Verantwortung darf und soll also angenommen und übernommen werden. Nimmt man sie nicht an, füllen oft andere die Lücke – was bei missbräuchlicher Anwendung fatale Folgen haben kann. Ein Beispiel: Drückt sich der Leiter einer Organisation vor Entscheidungen, werden das andere tun. Höchstwahrscheinlich entscheiden diese dann aber so, dass es vor allem ihnen zugute kommt anstatt der Organisation insgesamt (Aigner 2011:17–20). Gleichzeitig sollte man sich nicht zu wichtig nehmen, sondern Grenzen anerkennen und bescheiden und selbstlos seinen Auftrag in der Welt erfüllen (Kiechle 2005:25). Man sollte sich bewusst sein, dass Machtmissbrauch Sünde ist – auch wenn Gott oftmals noch nicht dagegen vorgeht (:70).
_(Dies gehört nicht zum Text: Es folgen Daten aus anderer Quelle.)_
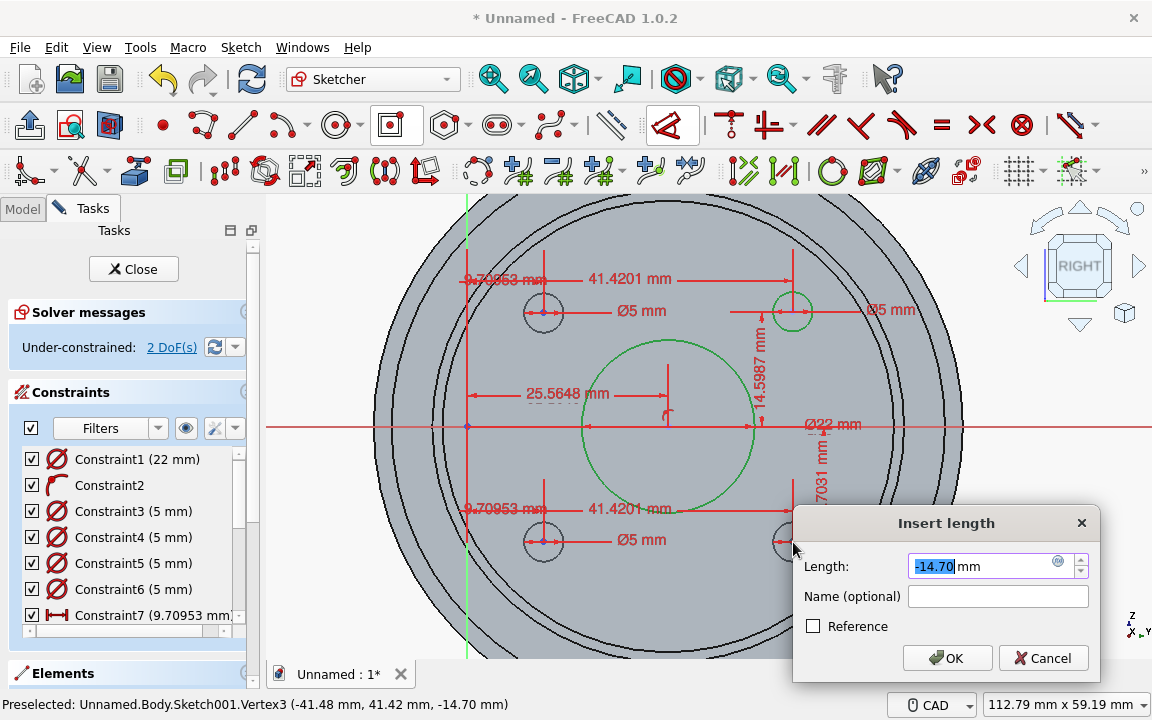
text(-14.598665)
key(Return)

Wie Selbstverantwortung umgesetzt werden kann

Ausführen lässt sich eine solche Art der selbstverantwortlichen Lebensgestaltung am besten in der Nachfolge Christi: «Denn er bringt das zur Bestimmung und Vollendung, was im Menschen angelegt ist [...]. Jesus Christus ist somit die tiefste Erfüllung des Menschseins.» (Benke 2009:20). Indem man also immer mehr in die Christusnachfolge hineinwächst, ist man immer mehr Mensch (:23–25). Nachfolge an sich ist schon ein aktiver, selbstverantwortlicher Prozess, denn sie erfordert Hingabe. Das setzt voraus, dass man sein Leben als von Gott empfangen sieht und es ihm wieder zurückgeben will (Van Breemen 2004:47–53). Hingabe ist nicht die Verneinung der Selbstverantwortung. Es bedeutet schlicht, «dass das, was man unternimmt, auf Gott abgestimmt ist und in Vereinigung mit ihm geschieht.» (:52).
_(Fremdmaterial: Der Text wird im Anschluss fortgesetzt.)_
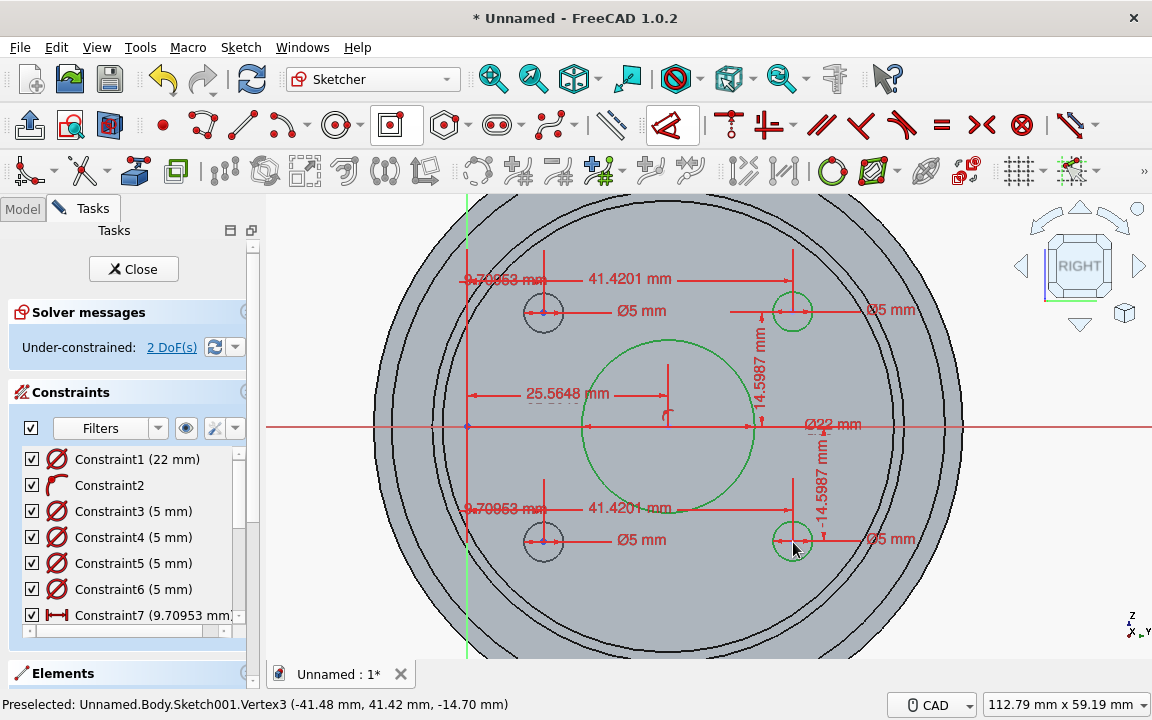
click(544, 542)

Damit wird die ignatianische Spiritualität zu einem besonders geeigneten Hilfsmittel, denn ihr Ziel ist stets das «liebevolle Hingegebensein in allem als höchster Vollzug» (Lambert 2004:100). Die Exerzitien sind ein Weg der Nachfolge Jesu und ein Versuch, sich auf die Einheit mit Christus abzuhorchen (Keller 2010:81f). Gerade in der zweiten Exerzitienwoche passiert das intensiv: Man betrachtet den schwierigen Weg von Jesus, er soll gespürt und emotional miterlebt werden. So wird geprüft, ob man wirklich bedingungslos entschlossen ist, dem Willen Gottes zu folgen (Lefrank 2011:64–70). Die Exerzitien gleichen dem angesprochenen kybernetischen System, indem man den eigenen Istzustand feststellt und schaut, wo etwas in Disharmonie mit Christus ist. Die zu treffende Entscheidung entspricht der Korrektur hin zum Sollzustand (Keller 2010:82–84). Kurzgesagt: In den Exerzitien lernt der Einzelne, sich so wie Jesus in der Welt zu bewegen (Lefrank 2011:57).